PURPOSE:To attain packet composition processing in a short processing time by distributing logic channels depending on logic channel identification information included in each packet during the reception of each division packet. CONSTITUTION:The system is provided with plural buffer memories 113 assigned for each logic channel and a means 112 distributing a received packet 3 for each logic channel to the buffer memories 113. The distribution means 112 divides a split packet 3 for each logical channel by logical channel identification information included in the packet 3 during the reception of the divided packet 3 and the split packet 3 subject to logical multiplex is composed into a variable length communication data 2 by each logic channel. Thus, the processing time is reduced and the packet composition buffer memory is used effectively by the required quantity and the packet composition processing is implemented economically.

Description

[Detailed Description of the Invention] [Field of Industrial Application] The present invention relates to a packet assembly method that enables processing of packet assembly each time a packet arrives in a receiving (J-side, T-control device). .

[Prior art 1] In packet communication, variable-length communication data is divided into a plurality of maximum-length fixed packet data and transmitted to the communication partner, and the divided packet data received from the communication phase-F side is It has a function of combining and assembling significant communication data of variable length. Additionally, control is performed to perform multiplex communication using logical channels with multiple communication partners simultaneously on the same physical line.

Conventionally, in a packet assembly method in a communication control device, the assembly function has been realized by software. That is, when receiving a packet sent from the other side,
-Once all of this was stored in a buffer, it was read out sequentially and assembled into packets by a program. For this reason, it is difficult to assemble packets at the same time while receiving divided packet data with a fixed maximum length. In this case, since the packet assembly process is performed when all the divided packets to be assembled have arrived, the process takes time, and as a result, it is difficult to perform high-speed data communication.

In particular, during multiplex communication using logical channels, split packet data from multiple logical channels arrive mixedly.
When the logical channel distribution function is performed by software, -16 pieces of arrived communication data are all accumulated, distributed to each logical channel, and then the communication data is assembled. Therefore, the assembly process becomes complicated, which in this case becomes a factor that further deteriorates the processing performance.
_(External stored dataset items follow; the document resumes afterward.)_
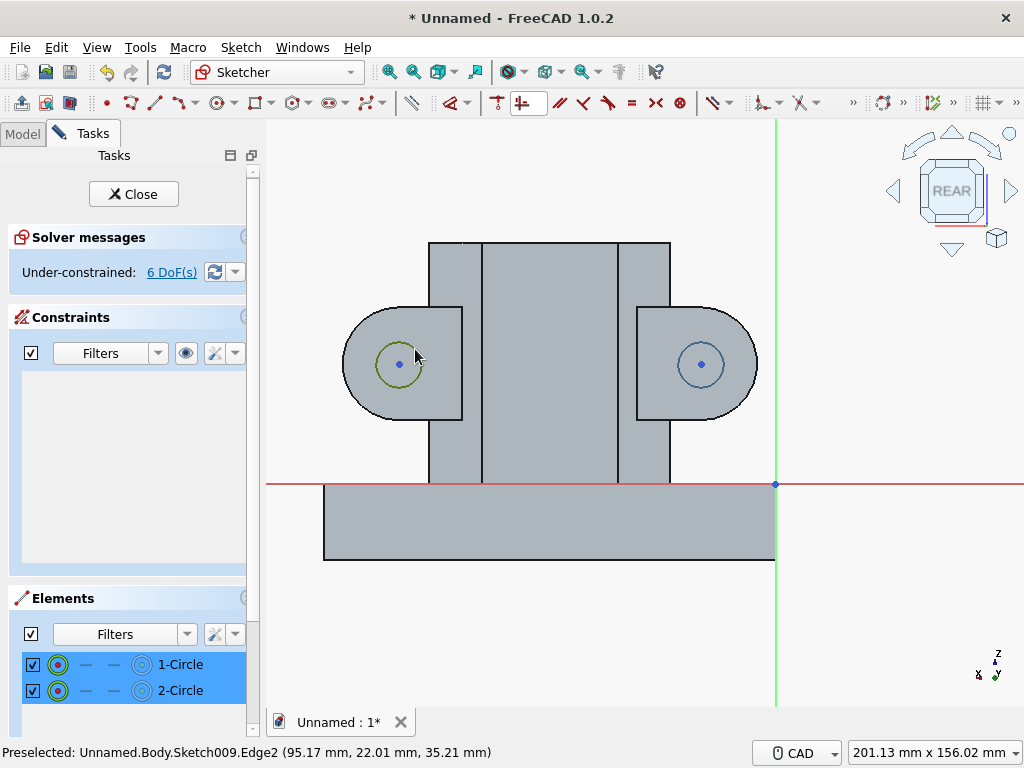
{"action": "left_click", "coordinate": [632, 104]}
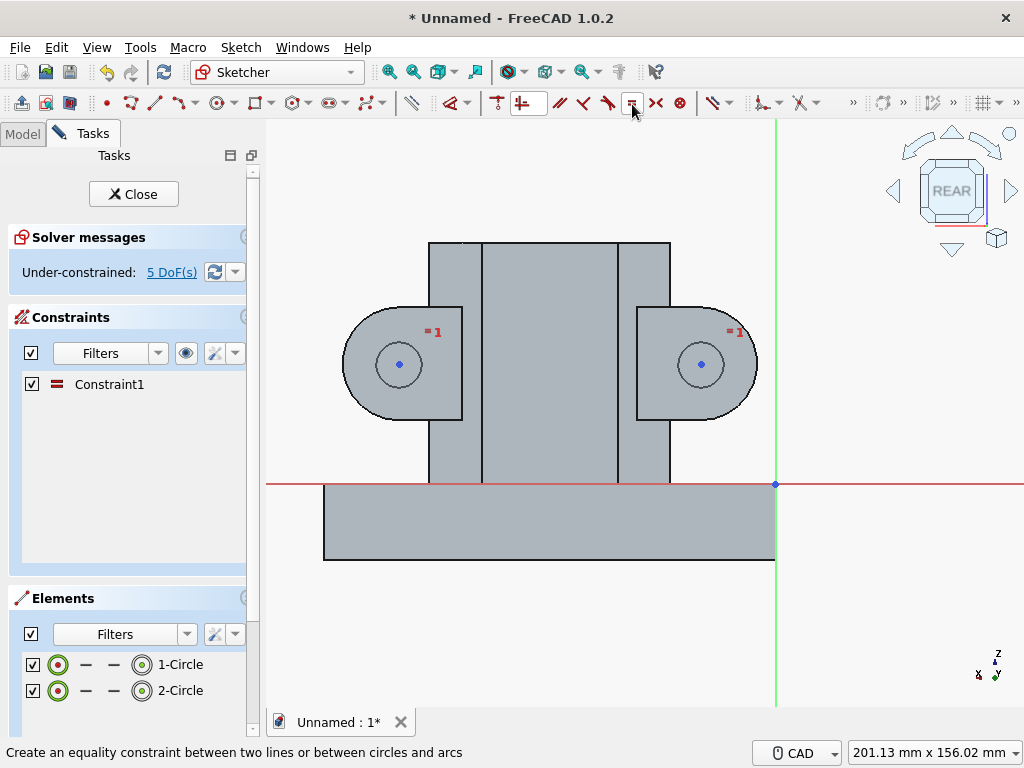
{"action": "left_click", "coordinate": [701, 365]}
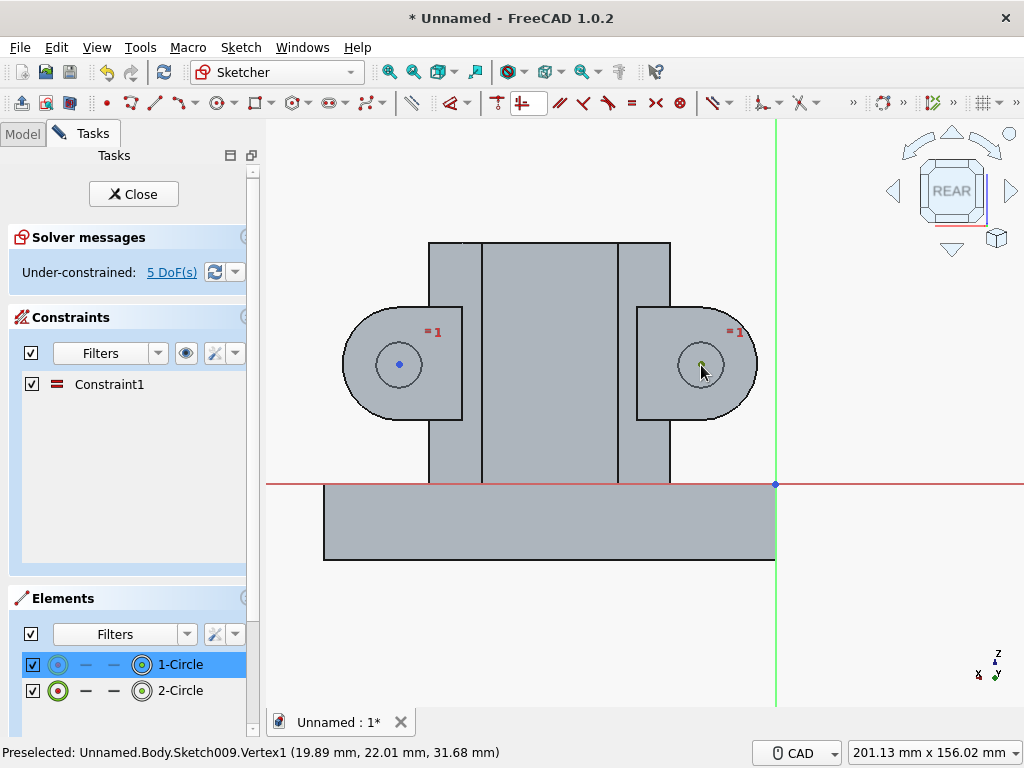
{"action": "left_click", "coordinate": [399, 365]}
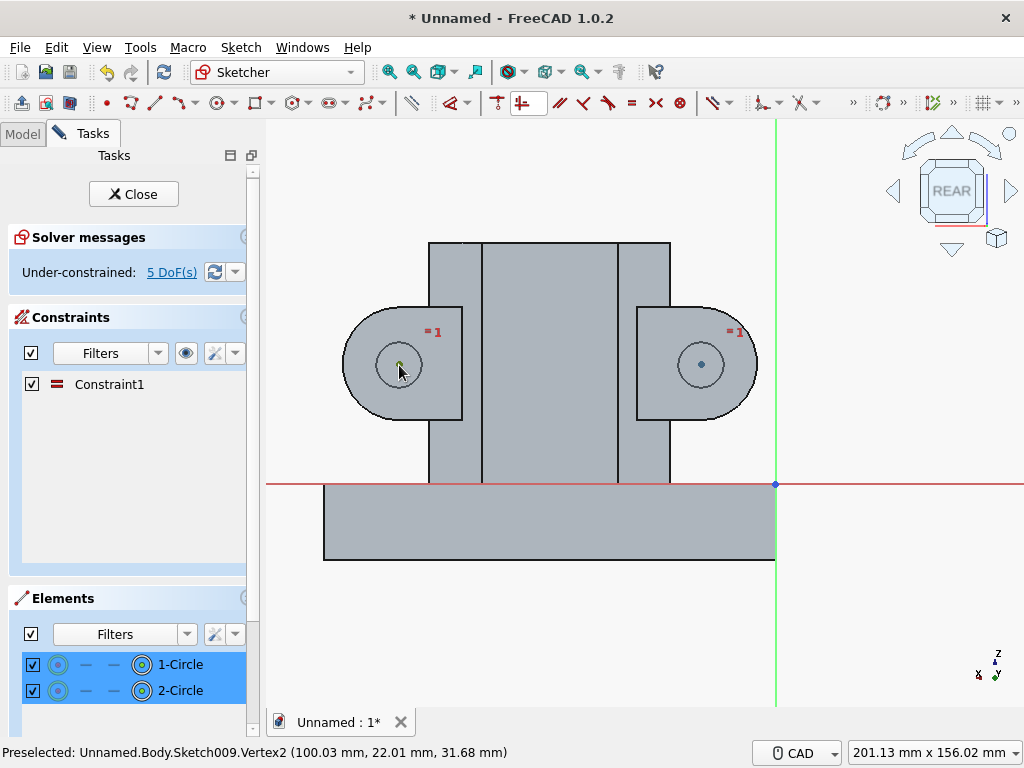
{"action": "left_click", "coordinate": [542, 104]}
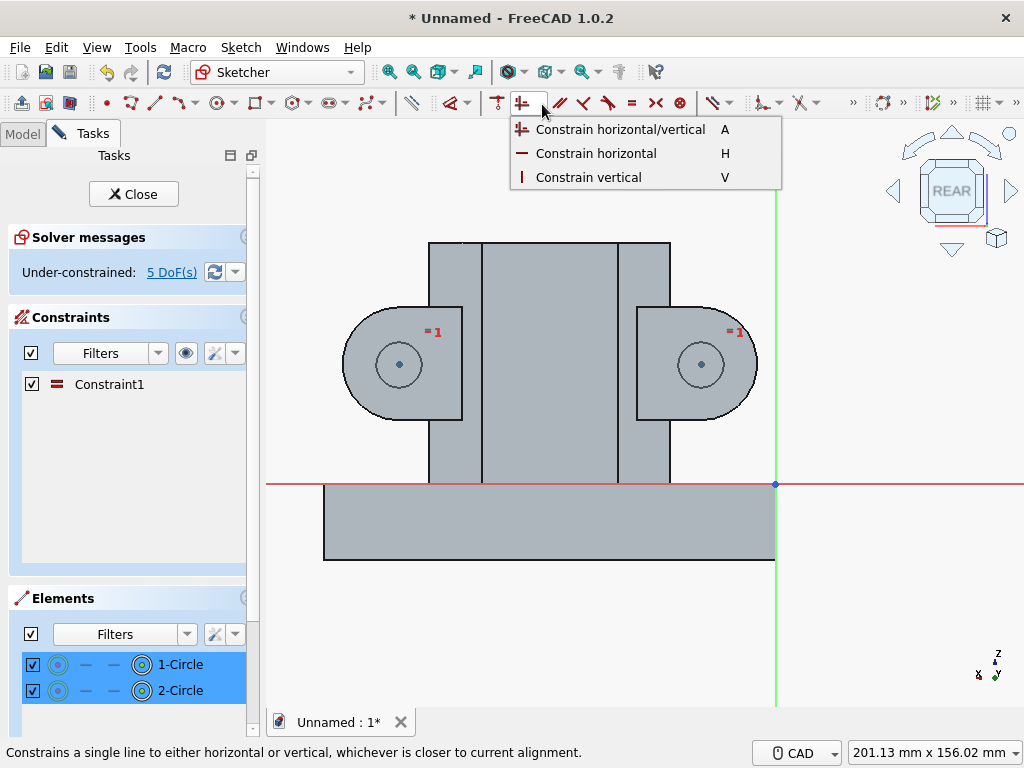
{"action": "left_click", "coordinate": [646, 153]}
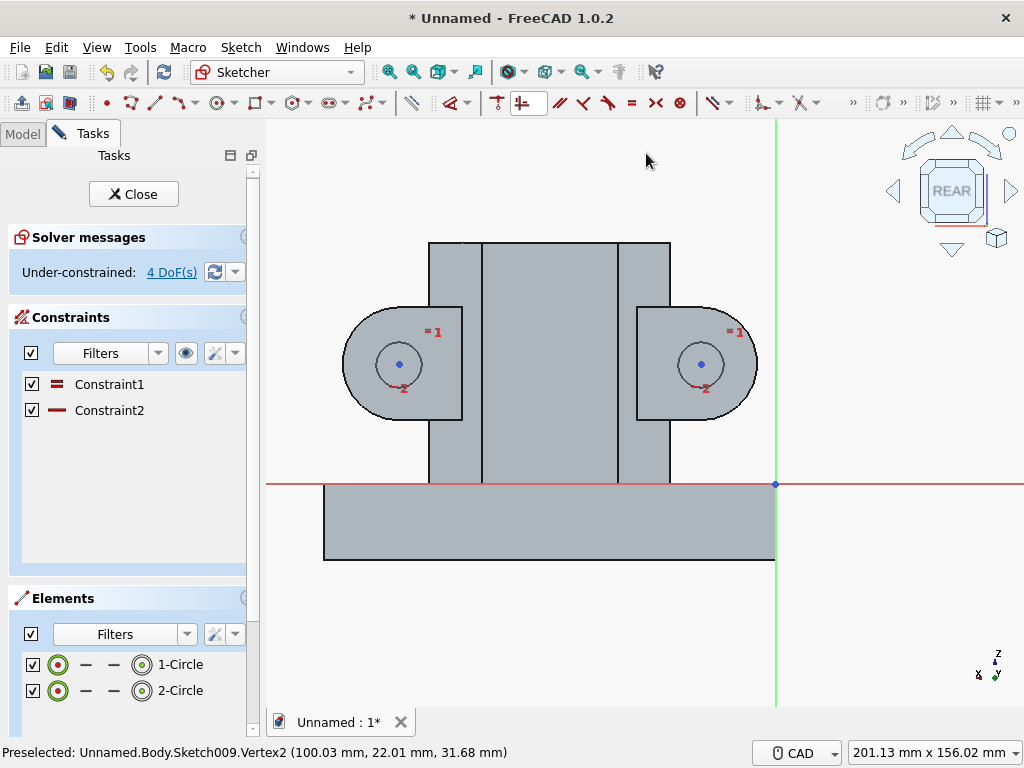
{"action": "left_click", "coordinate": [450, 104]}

FIG. 2 is a functional block diagram of a conventional packet assembly processing section.

As shown in FIG. 2, the packet assembly processor 11 is comprised of a packet assembly processor 110 and a packet reception buffer memory 111.

After the divided packets 3 arriving from the communication line are stored in the packet reception buffer memory 111, for example, at the time when the last divided packet 3 of variable-length data is stored, the packet assembly processing processor 110 Based on the logical channel identification information and division information given to the divided packets, variable length communication data 2 is assembled for each logical channel and sent to the upper layer.

In this case, since the packet assembly process is mainly performed by software processing of the processor 110 in the packet set 3r, processing performance is limited and it is difficult to perform high-speed communication. Furthermore, since the identification for each logical channel and the packet assembly process are started only when all the variable length communication data has arrived, the delay time of the packet assembly process is long.

In order to improve this, a method has been considered in which logical channel allocation is realized in hardware, a buffer memory for packet assembly is provided for each logical channel, and packet assembly processing is performed in hardware. For the packet assembly method of [
"Packet Switching Technology and Its Applications" (company)? It is described in R'P, 6-8, published by Itt Communication Society, August 1980.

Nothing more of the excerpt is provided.